I am working on creating a speech to text engine for Urdu (Pakistani national language). I am using DeepSpeech 0.9.1 and followed the instructions in the documentation.
I am running the following command when working with the language model: ./generate_scorer_package --alphabet /content/gdrive/MyDrive/dataset/Urdualphabet.txt --lm lm.binary --package kenlm.scorer --default_alpha 0.931289039105002 --default_beta 1.1834137581510284 --vocab vocab-500000.txt
The output I am getting is: 500000 unique words read from vocabulary file. Doesn't look like a character based (Bytes Are All You Need) model. --force_bytes_output_mode was not specified, using value infered from vocabulary contents: false Invalid label 0
Can someone please advise what I need to change? The vocabulary was generated successfully.
I tried with --force_bytes_output checked but the documentation says it is for a different purpose. Is there a flag for utf-8? I could not find anything referring to that in the documentation.
I checked the other person working on Urdu, she is working on Roman Urdu - a version of Urdu written with roman letters. I am working on the native Urdu font which is right to left and has a completely different data set. Could right-to-left be the reason?

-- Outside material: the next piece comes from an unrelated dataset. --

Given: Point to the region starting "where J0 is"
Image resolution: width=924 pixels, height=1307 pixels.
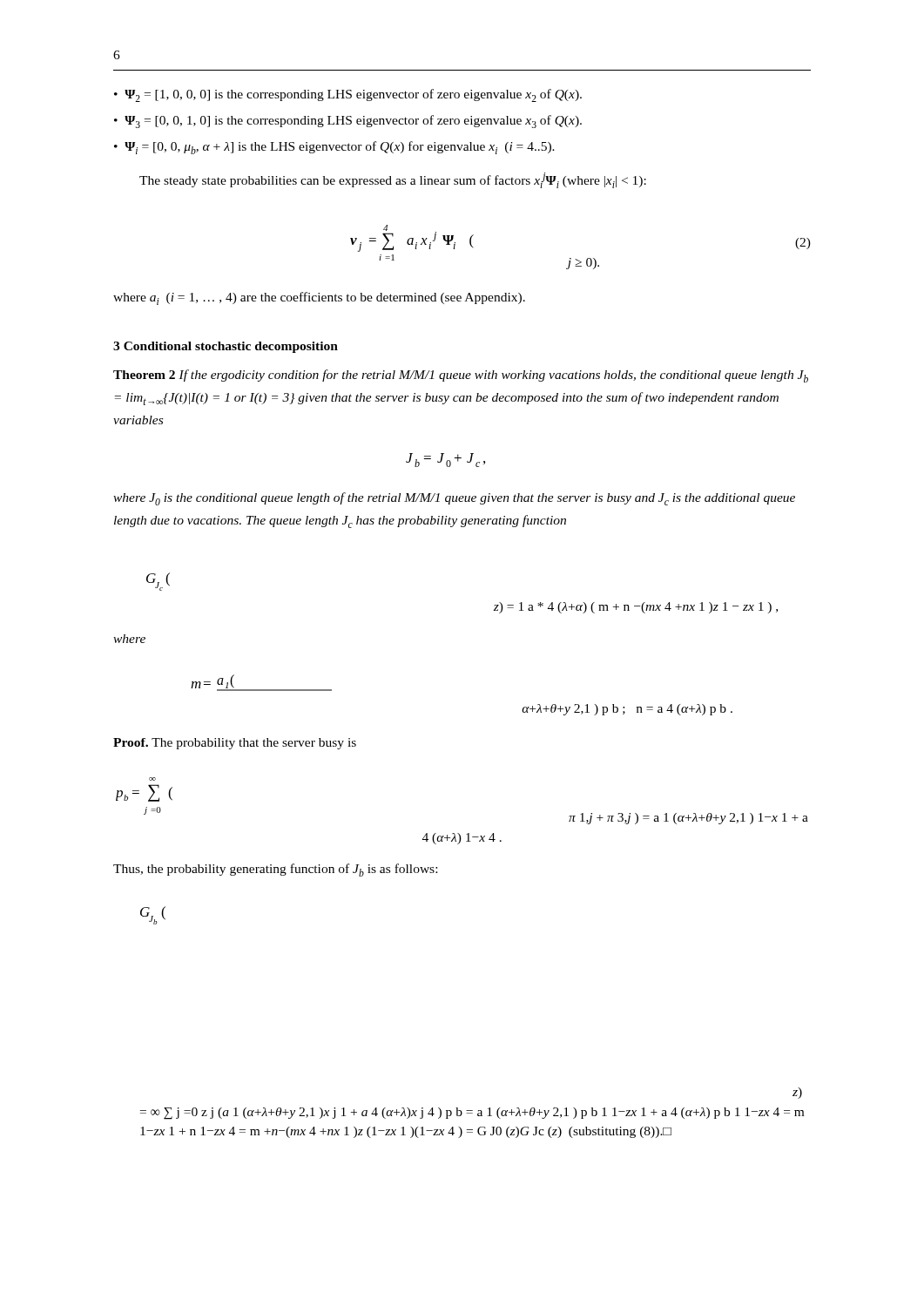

I just pulled a sample Urdu data set from: http://pcai056.informatik.uni-leipzig.de/downloads/corpora/urd_newscrawl_2016_1M.tar.gz
Installed KenLM and it’s dependencies.
Then I used the command below to generate the vocabulary and lm binary file. !python3 generate_lm.py --input_txt ../../../Urdu_Corpus/urd_newscrawl_2016_1M/urd_newscrawl_2016_1M-sentences.txt \ --output_dir . \ --top_k 500000 --kenlm_bins ../../../kenlm/build/bin/ \ --arpa_order 4 --max_arpa_memory "85%" --arpa_prune "0" \ --binary_a_bits 255 --binary_q_bits 8 --binary_type trie
I have regenerated the alphabet as well but it doesn’t seem to matter. What else can I change?